Simple multi threaded tool to extract domain related data from commoncrawl.org
Usage
ccp.py [-h] -d domain -o path [-t THREADS] [-f index1] [-f index2]
necessary arguments:
-d, --domain The domain you want to search for in CC data.
-o, --outfile The path and filename where you want the results to be saved to.
optional arguments:
-h, --help Show help message and exit
-f, --filter Use only indices which contain this string
-t, --threads Threads for requests
Examples
Search for github.com and save to /home/folder/cc/data.txt
python3 ccp.py -d github.com -o /home/folder/cc/data.txt
Search for github.com in indices which contain "CC-MAIN-2017-09", save to data.txt
python3 ccp.py -d github.com -o ./data.txt -f CC-MAIN-2017-09
Search for github.com in indices which contain "2013" and "2014", save to data.txt
python3 ccp.py -d github.com -o ./data.txt -f 2014 -f 2013
Search for github.com using 10 threads, save to data.txt
python3 ccp.py -d github.com -o ./data.txt -t 10
grep tips
I am no grep expert but I know how to extract data, if you have better solutions for my existing commands OR additional ideas what to search for: PR
- Find entries which end with popular file extension indicating dynamic pages etc:
grep -i -E '\.(php|asp|dev|jsp|wsdl|xml|cgi|json|html)$' /home/folder/cc/data.txt
- Find interesting files like backups, archives, log files...
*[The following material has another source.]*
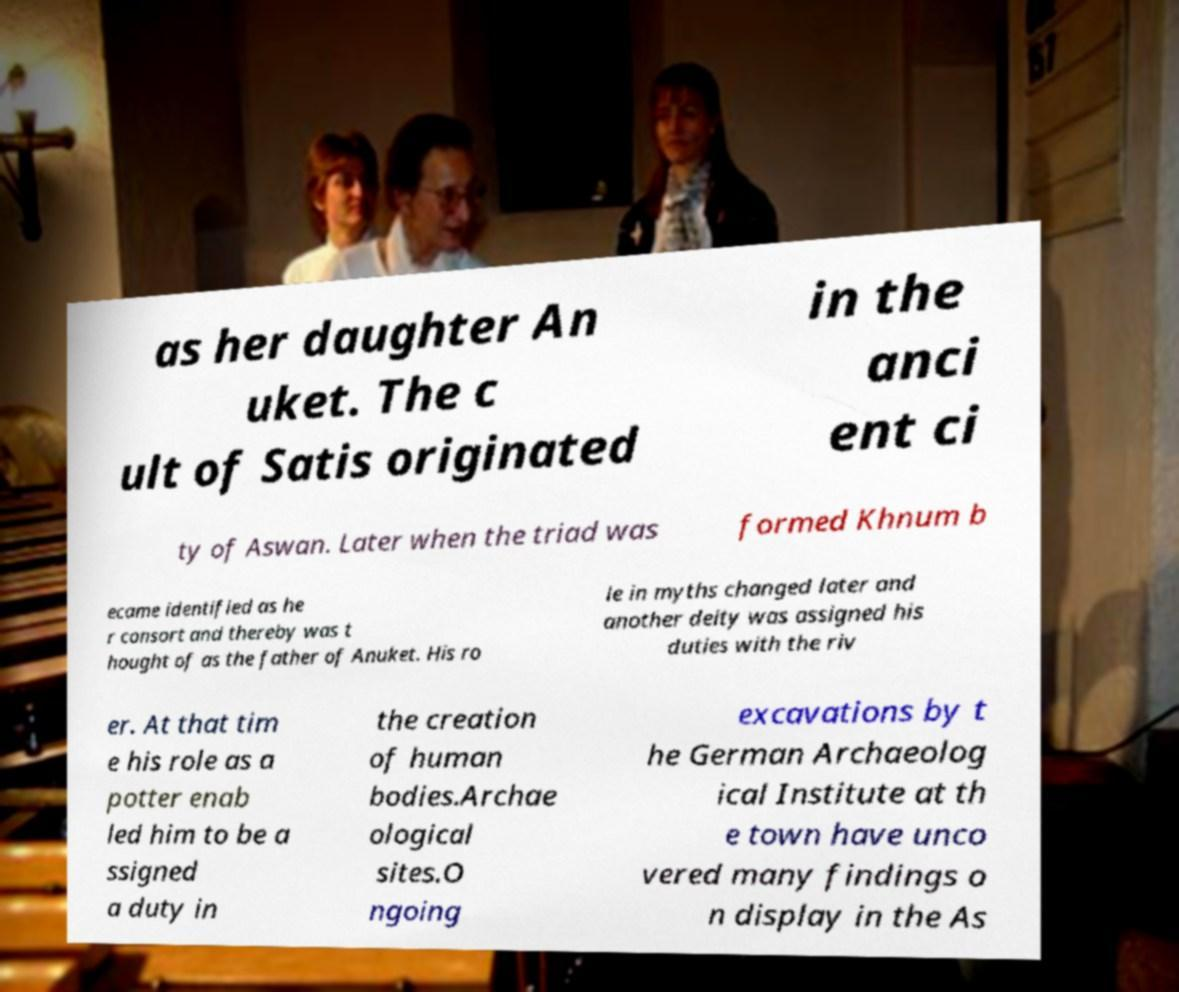There's text embedded in this image that I need extracted. Can you transcribe it verbatim? as her daughter An uket. The c ult of Satis originated in the anci ent ci ty of Aswan. Later when the triad was formed Khnum b ecame identified as he r consort and thereby was t hought of as the father of Anuket. His ro le in myths changed later and another deity was assigned his duties with the riv er. At that tim e his role as a potter enab led him to be a ssigned a duty in the creation of human bodies.Archae ological sites.O ngoing excavations by t he German Archaeolog ical Institute at th e town have unco vered many findings o n display in the As 
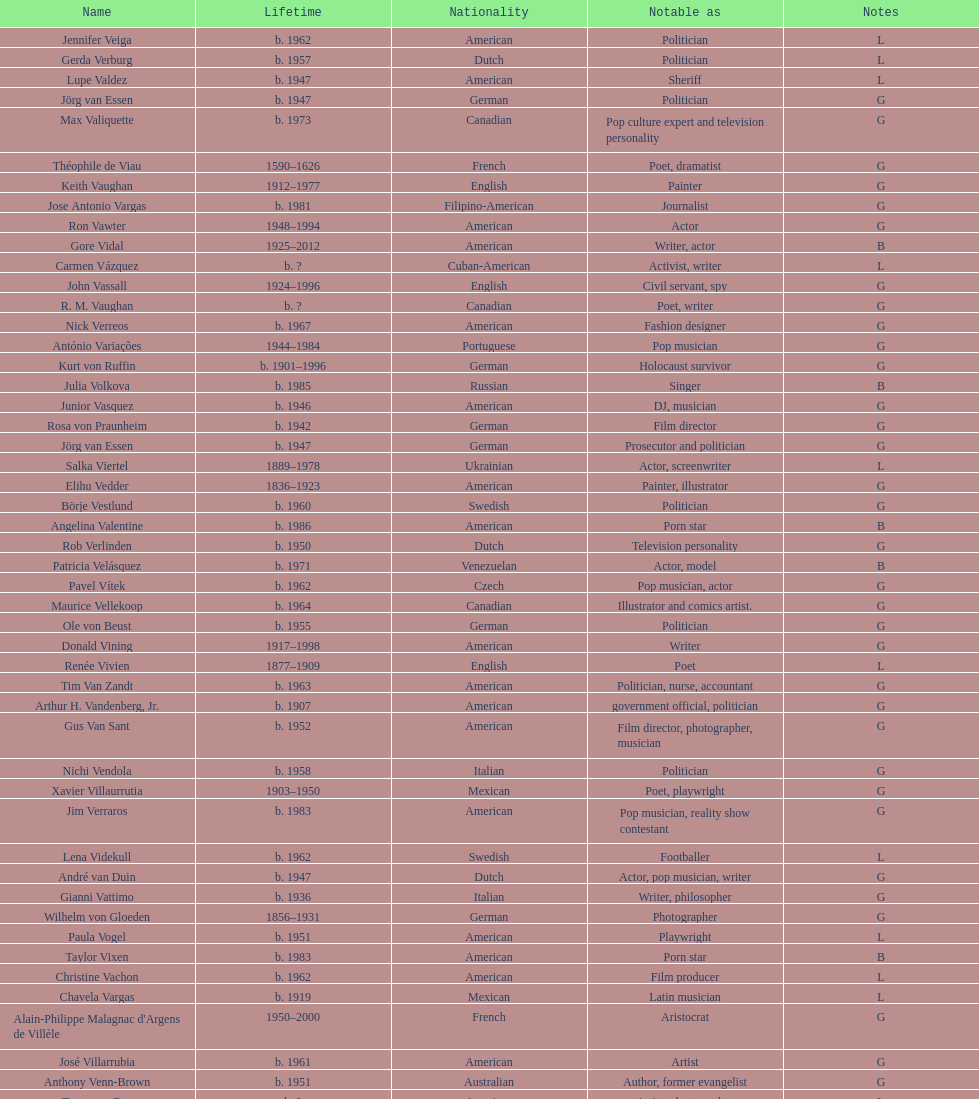How old was pierre vallieres before he died? 60.

grep -i -E '\.(zip|rar|tar|bkp|sql|zip|bz2|gz|txt|bak|conf|log|error|debug|yml|lock|template|tpl)$' /home/folder/cc/data.txt
- Find entries which contain popular strings like "admin" etc:
grep -i -E '(admin|account|debug|control|config|upload|system|secret|environment|dashboard)$' /home/folder/cc/data.txt
- Find files which begin with "." (htaccess, ...):
grep -i -E '\/\.' /home/folder/cc/data.txt
- Find obvious backup files:
grep -i -E '(\.bkp|\.bak|backup|\.dump|\.sql)' /home/folder/cc/data.txt
- Extract subdomains:
sed -e 's|^[^/]*//||' -e 's|^www\.||' -e 's|/.*$||' /home/folder/cc/data.txt | grep -v ":" | grep -v "@" | grep -v "?" | grep -v "/" | sort -u
- Find urls with parameters in it:
grep -i -E '(\?|\&)(.*?)=((.*?)|)' /home/folder/cc/data.txt | sort -u
Dependencies
- python3
- requests
- argparse
- json
Information
This project was initially forked from cc.py but since I refactored it completely and si9int took another path I decided to create a stand alone project.